*** EXTRACTED INFORMATION ***

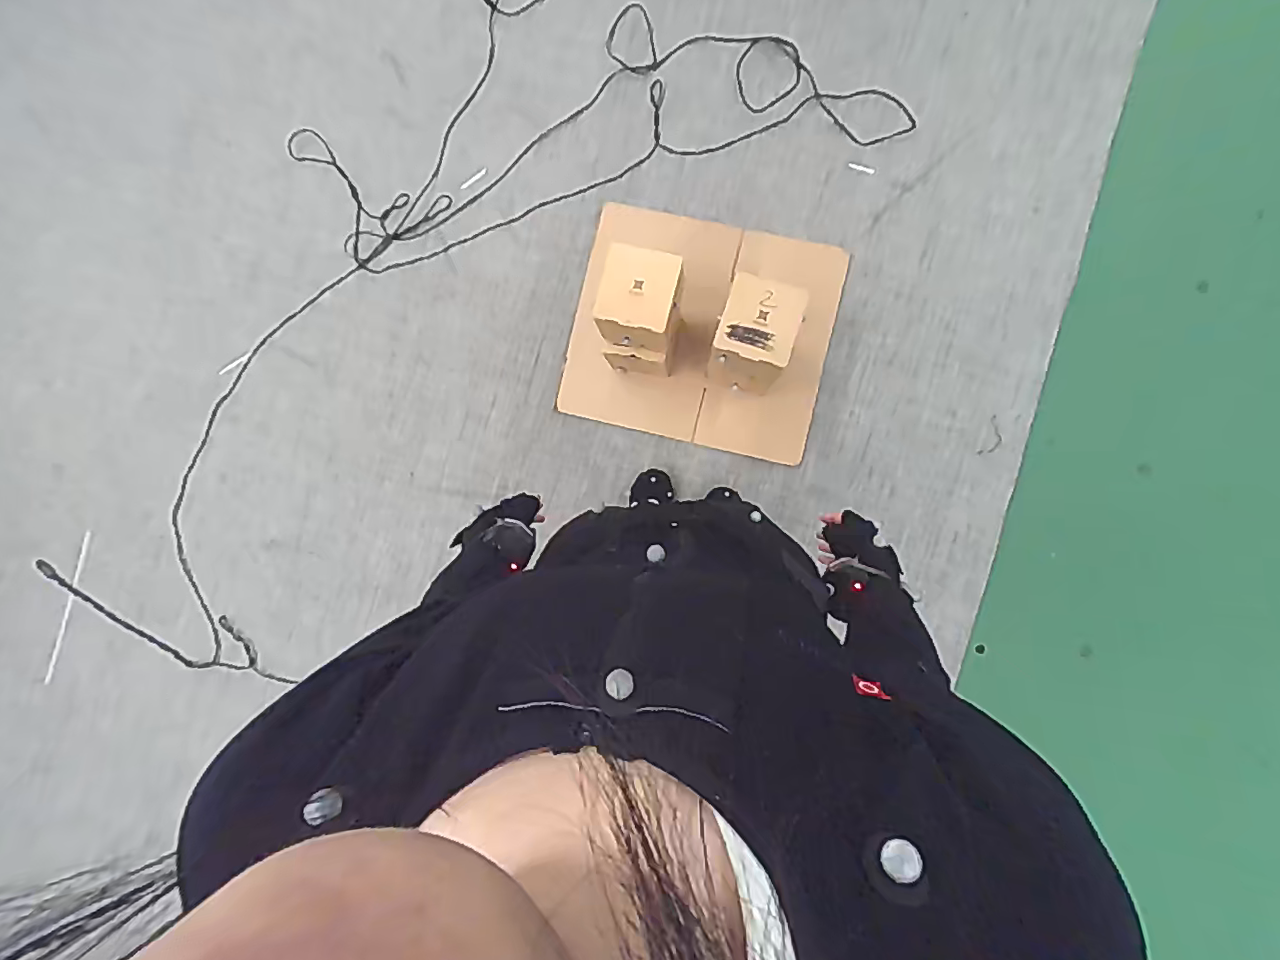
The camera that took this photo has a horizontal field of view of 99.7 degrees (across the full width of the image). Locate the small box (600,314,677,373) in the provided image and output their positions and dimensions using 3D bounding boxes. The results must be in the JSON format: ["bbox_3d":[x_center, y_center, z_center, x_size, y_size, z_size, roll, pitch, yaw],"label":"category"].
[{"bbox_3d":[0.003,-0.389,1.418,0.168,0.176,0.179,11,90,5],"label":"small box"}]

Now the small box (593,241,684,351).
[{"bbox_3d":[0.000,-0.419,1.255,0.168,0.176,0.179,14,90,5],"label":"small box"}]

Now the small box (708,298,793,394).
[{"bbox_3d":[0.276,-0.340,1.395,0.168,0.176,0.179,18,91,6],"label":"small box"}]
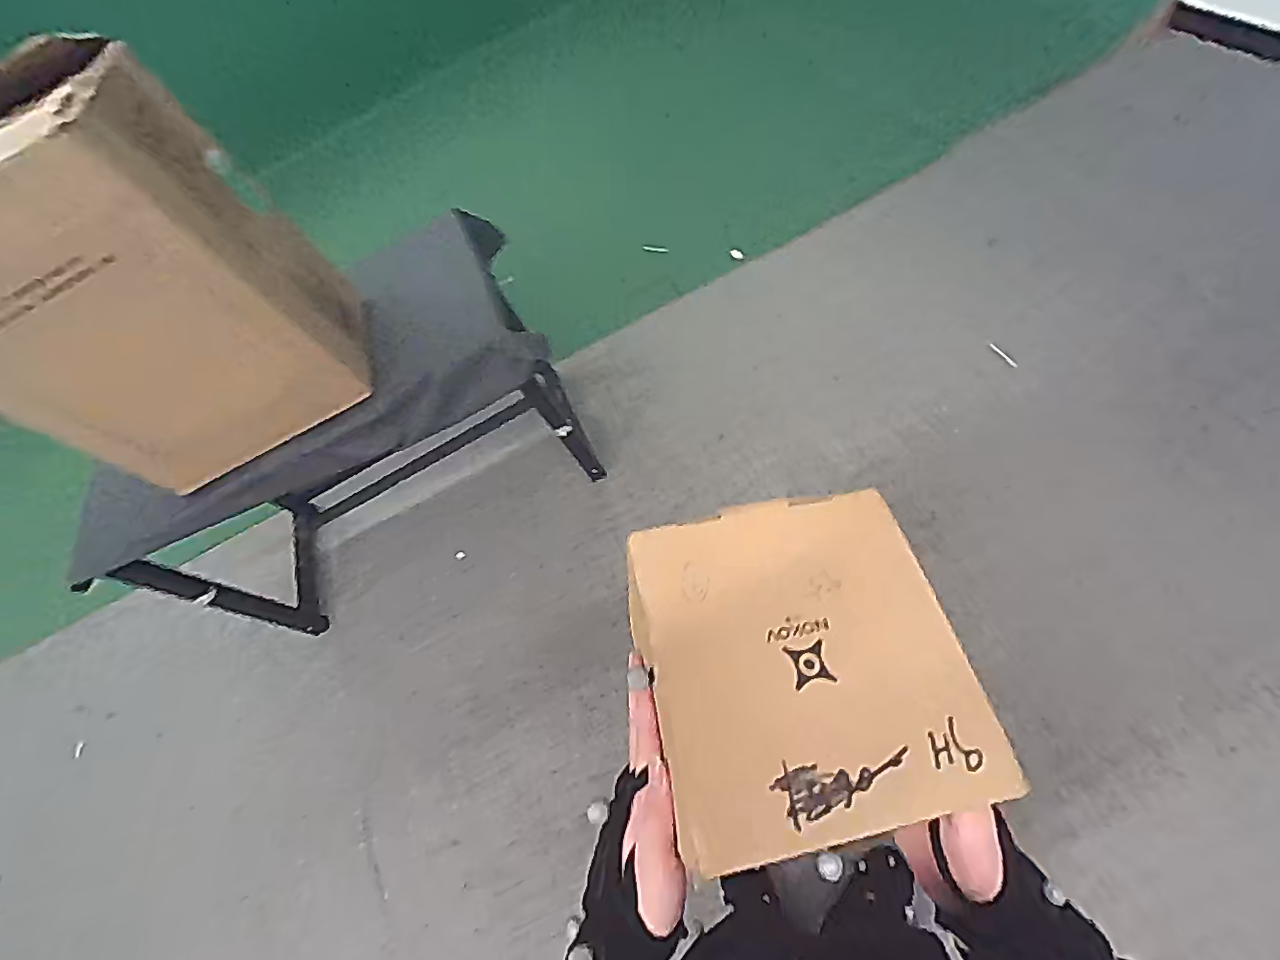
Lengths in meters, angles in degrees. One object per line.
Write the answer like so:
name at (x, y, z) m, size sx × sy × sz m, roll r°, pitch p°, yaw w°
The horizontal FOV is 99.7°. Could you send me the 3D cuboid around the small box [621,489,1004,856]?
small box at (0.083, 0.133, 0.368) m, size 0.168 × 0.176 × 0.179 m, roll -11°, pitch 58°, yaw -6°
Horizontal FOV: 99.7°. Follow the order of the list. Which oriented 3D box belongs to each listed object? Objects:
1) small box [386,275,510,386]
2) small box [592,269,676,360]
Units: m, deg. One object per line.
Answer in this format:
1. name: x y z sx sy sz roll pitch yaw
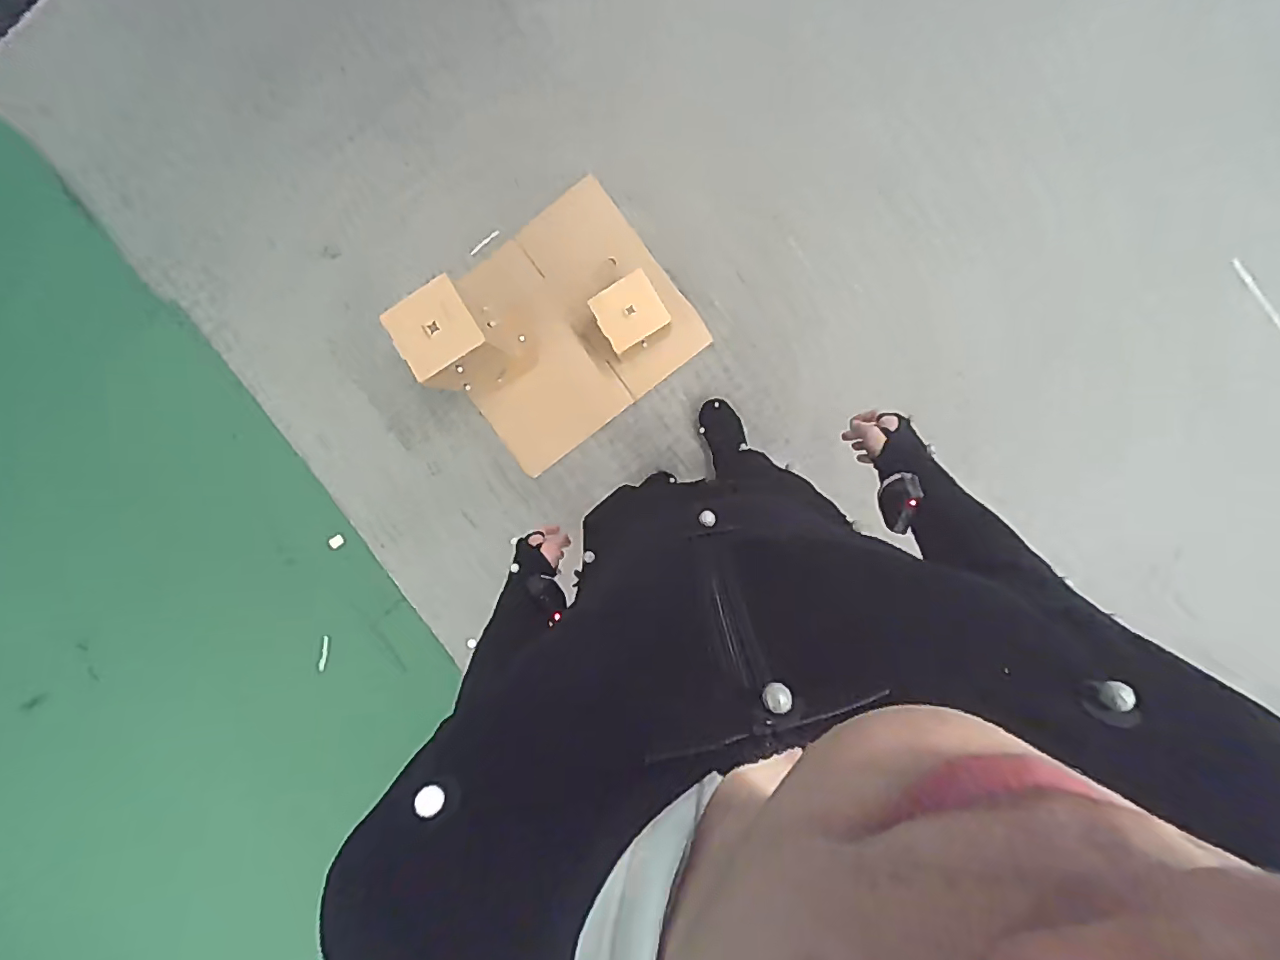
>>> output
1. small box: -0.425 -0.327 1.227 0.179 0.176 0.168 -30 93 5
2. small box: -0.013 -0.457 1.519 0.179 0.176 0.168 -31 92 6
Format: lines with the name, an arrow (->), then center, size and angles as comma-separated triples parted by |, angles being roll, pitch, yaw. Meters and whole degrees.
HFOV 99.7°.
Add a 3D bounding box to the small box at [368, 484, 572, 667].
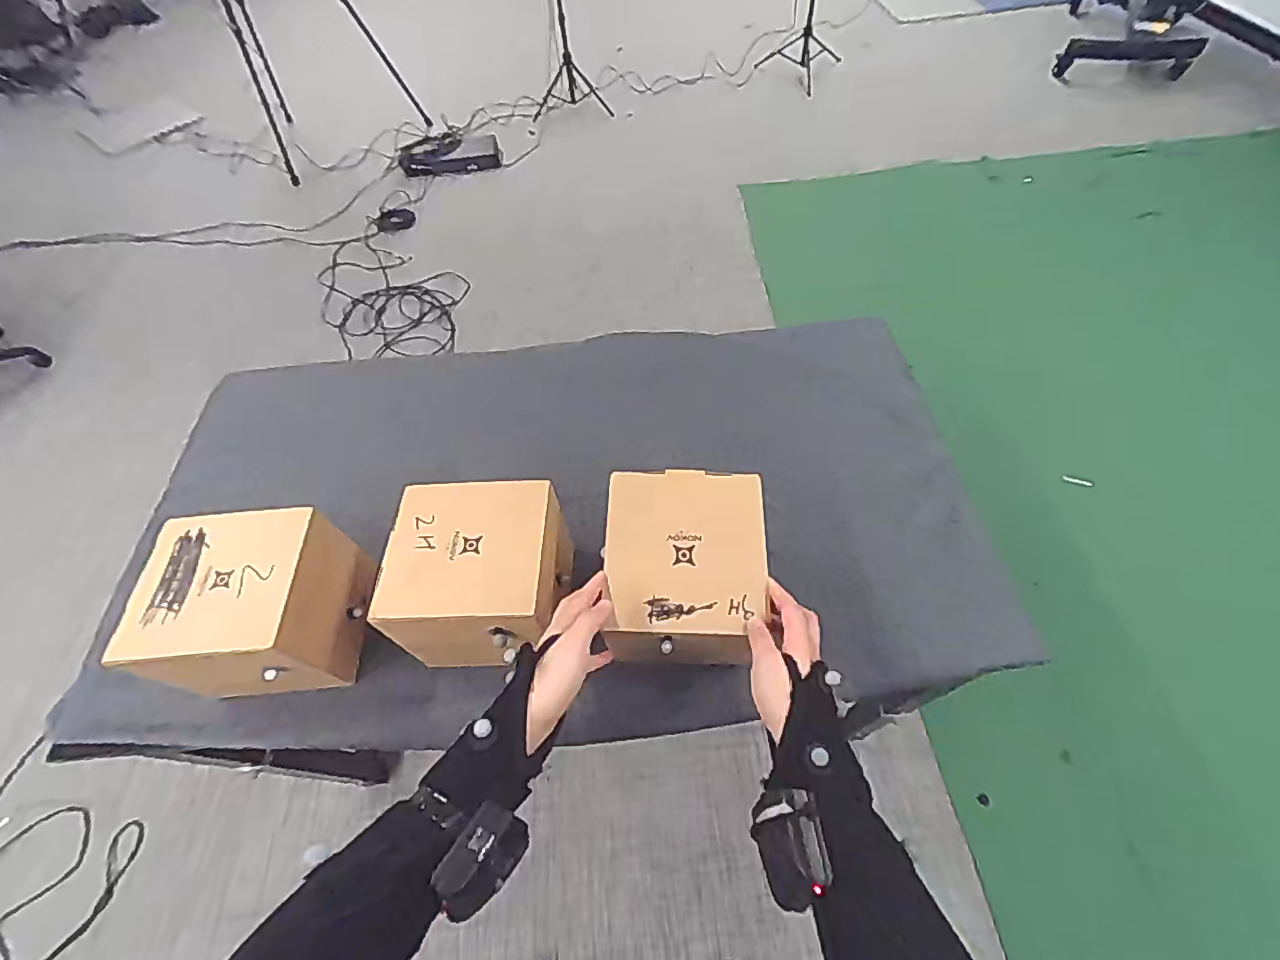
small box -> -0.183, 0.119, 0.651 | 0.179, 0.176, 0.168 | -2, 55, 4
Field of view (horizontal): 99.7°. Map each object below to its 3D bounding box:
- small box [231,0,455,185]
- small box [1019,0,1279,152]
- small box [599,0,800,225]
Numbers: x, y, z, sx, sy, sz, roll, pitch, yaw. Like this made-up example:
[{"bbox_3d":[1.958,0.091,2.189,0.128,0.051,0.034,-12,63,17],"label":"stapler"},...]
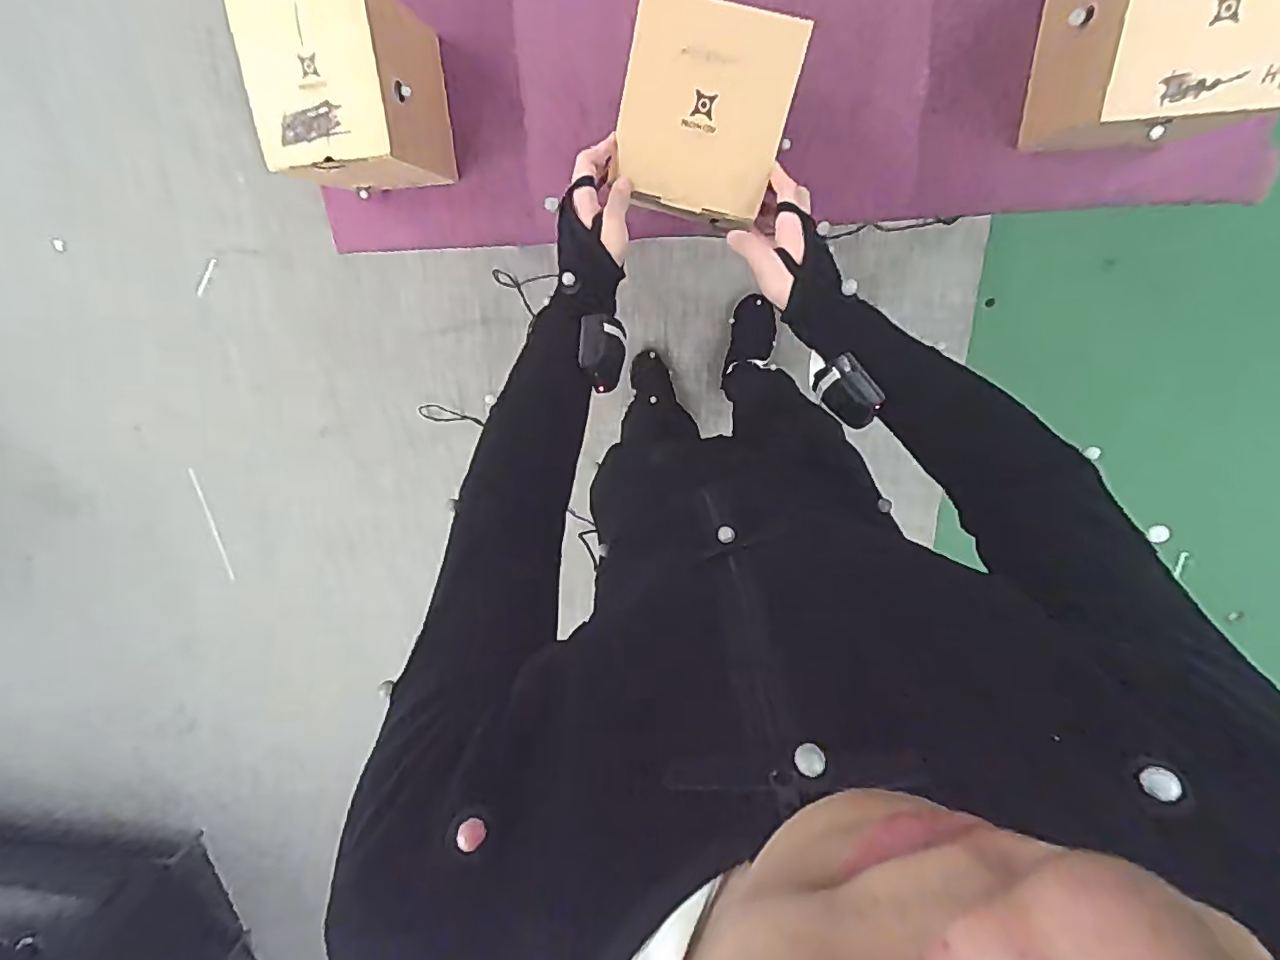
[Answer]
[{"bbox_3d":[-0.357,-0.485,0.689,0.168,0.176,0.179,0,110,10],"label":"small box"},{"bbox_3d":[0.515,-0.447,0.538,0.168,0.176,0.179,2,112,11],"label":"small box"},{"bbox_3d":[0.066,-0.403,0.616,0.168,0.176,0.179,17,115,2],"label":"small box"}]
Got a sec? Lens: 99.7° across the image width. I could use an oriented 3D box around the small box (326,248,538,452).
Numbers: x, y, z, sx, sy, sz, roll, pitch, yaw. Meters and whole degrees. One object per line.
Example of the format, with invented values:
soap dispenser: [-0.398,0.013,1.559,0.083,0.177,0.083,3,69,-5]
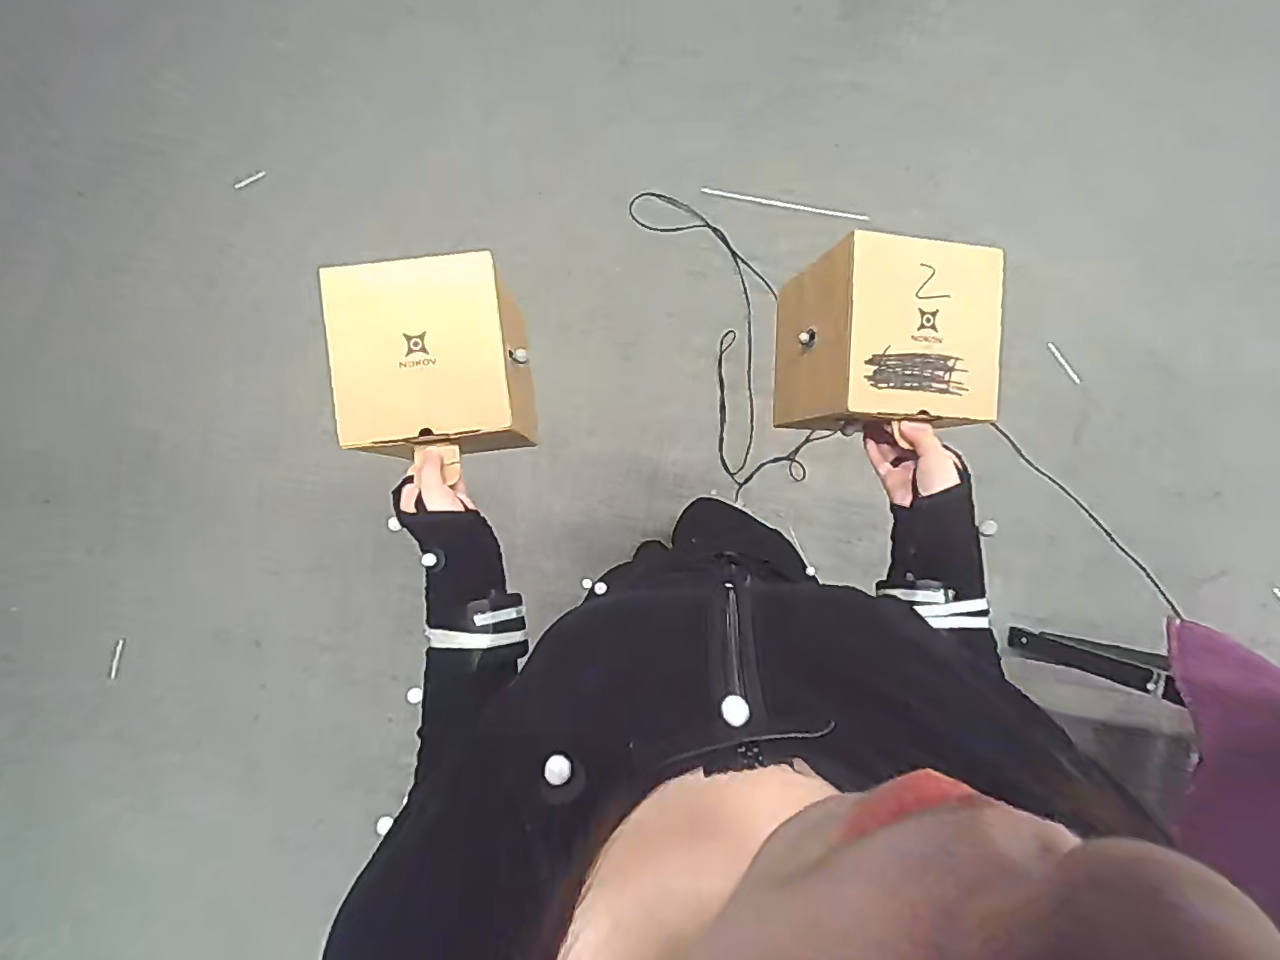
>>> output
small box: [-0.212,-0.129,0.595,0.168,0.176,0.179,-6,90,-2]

*** End of EXTRACTED INFORMATION ***

AIM OF THE EXERCISE -> Take the line that contains "Example of the" and every line after it down to the last line of the entries above, and output them exactly, with nothing else and no pictures.

EXPECTED ANSWER ->
Example of the format, with invented values:
soap dispenser: [-0.398,0.013,1.559,0.083,0.177,0.083,3,69,-5]
>>> output
small box: [-0.212,-0.129,0.595,0.168,0.176,0.179,-6,90,-2]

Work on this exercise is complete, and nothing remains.